* WHAT NEEDS TO BE DONE *
Return all of the data that follows precisely, leaving every image out.

Entries taken from a collection:
[Start of section]

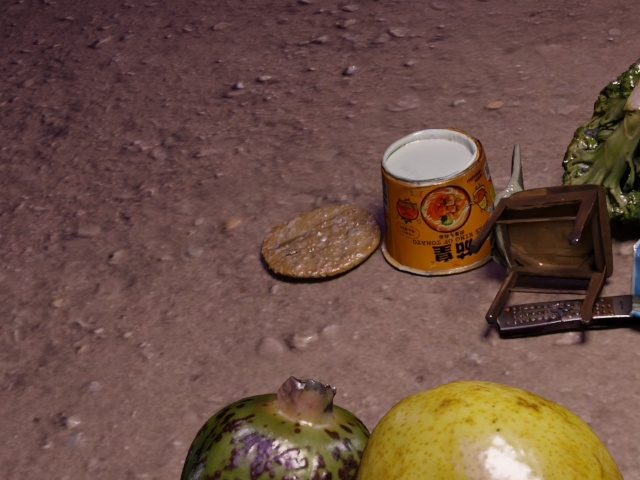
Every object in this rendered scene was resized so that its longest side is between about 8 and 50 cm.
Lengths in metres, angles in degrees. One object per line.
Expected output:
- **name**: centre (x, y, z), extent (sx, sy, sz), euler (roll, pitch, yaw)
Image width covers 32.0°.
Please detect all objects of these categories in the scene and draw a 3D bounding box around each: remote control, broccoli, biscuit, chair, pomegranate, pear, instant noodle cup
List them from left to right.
- **pomegranate**: centre (-0.037, 0.281, 1.300), extent (0.254, 0.270, 0.254), euler (16, 11, -3)
- **biscuit**: centre (0.000, 0.001, 1.911), extent (0.219, 0.033, 0.220), euler (-10, 31, 6)
- **instant noodle cup**: centre (0.192, -0.070, 1.817), extent (0.215, 0.172, 0.216), euler (-9, 34, 6)
- **pear**: centre (0.170, 0.290, 1.146), extent (0.304, 0.304, 0.304), euler (-10, 33, 6)
- **chair**: centre (0.343, -0.016, 1.672), extent (0.186, 0.160, 0.319), euler (-2, 28, 26)
- **remote control**: centre (0.363, 0.109, 1.617), extent (0.212, 0.028, 0.059), euler (-6, 37, 12)
- **broccoli**: centre (0.533, -0.150, 1.722), extent (0.303, 0.283, 0.321), euler (25, 75, 27)

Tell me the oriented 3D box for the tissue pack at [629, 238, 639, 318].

[End of section]

* ANSWER BELOW *
Every object in this rendered scene was resized so that its longest side is between about 8 and 50 cm.
Lengths in metres, angles in degrees. One object per line.
Expected output:
- **name**: centre (x, y, z), extent (sx, sy, sz), euler (roll, pitch, yaw)
Image width covers 32.0°.
Please detect all objects of these categories in the scene and draw a 3D bounding box around each: remote control, broccoli, biscuit, chair, pomegranate, pear, instant noodle cup
List them from left to right.
- **pomegranate**: centre (-0.037, 0.281, 1.300), extent (0.254, 0.270, 0.254), euler (16, 11, -3)
- **biscuit**: centre (0.000, 0.001, 1.911), extent (0.219, 0.033, 0.220), euler (-10, 31, 6)
- **instant noodle cup**: centre (0.192, -0.070, 1.817), extent (0.215, 0.172, 0.216), euler (-9, 34, 6)
- **pear**: centre (0.170, 0.290, 1.146), extent (0.304, 0.304, 0.304), euler (-10, 33, 6)
- **chair**: centre (0.343, -0.016, 1.672), extent (0.186, 0.160, 0.319), euler (-2, 28, 26)
- **remote control**: centre (0.363, 0.109, 1.617), extent (0.212, 0.028, 0.059), euler (-6, 37, 12)
- **broccoli**: centre (0.533, -0.150, 1.722), extent (0.303, 0.283, 0.321), euler (25, 75, 27)

Tell me the oriented 3D box for the tissue pack at [629, 238, 639, 318].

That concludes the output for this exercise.